## HOW TO COMPLETE THIS TASK
Find the line that contains "Answer: Returns accepted"; then retype it and each line after it, exactly, through the final line of the data below.

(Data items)
=== Begin Enclosure ===

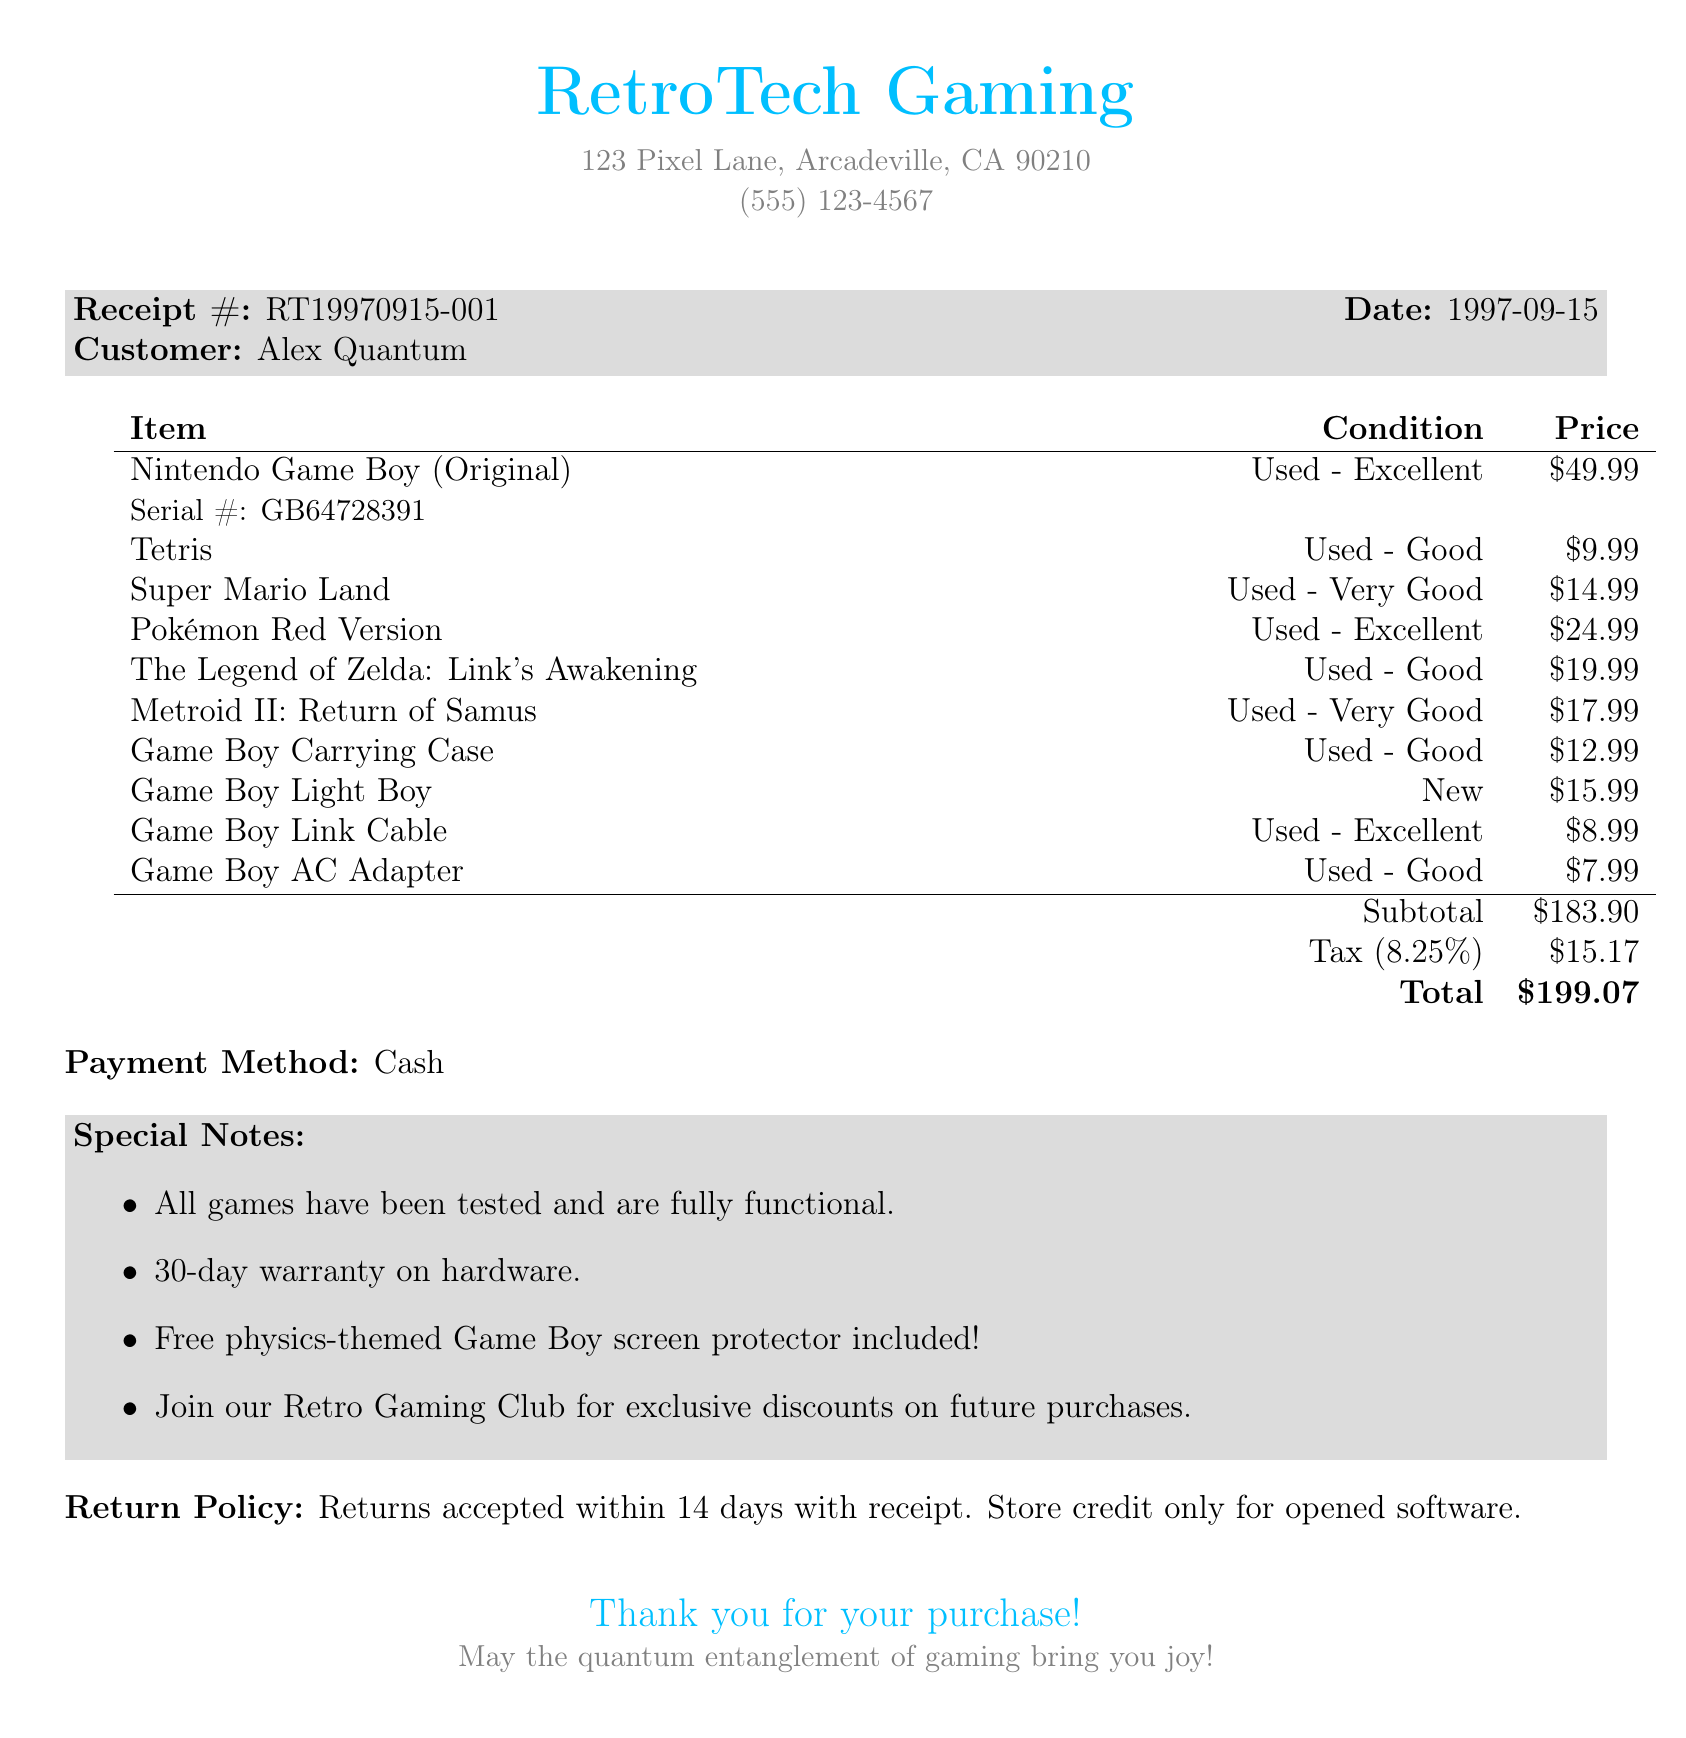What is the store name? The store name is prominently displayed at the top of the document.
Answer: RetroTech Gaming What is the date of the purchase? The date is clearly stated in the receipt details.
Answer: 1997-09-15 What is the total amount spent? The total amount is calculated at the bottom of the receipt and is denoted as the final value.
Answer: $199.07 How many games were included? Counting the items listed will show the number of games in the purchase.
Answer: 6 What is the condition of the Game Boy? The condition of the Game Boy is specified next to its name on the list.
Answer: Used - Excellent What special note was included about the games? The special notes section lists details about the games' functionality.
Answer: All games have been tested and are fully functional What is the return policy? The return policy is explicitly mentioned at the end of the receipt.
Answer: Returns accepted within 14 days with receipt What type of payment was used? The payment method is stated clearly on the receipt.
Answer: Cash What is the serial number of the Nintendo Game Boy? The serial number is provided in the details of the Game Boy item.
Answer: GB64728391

=== End Enclosure ===

## RESULT
Answer: Returns accepted within 14 days with receipt What type of payment was used? The payment method is stated clearly on the receipt.
Answer: Cash What is the serial number of the Nintendo Game Boy? The serial number is provided in the details of the Game Boy item.
Answer: GB64728391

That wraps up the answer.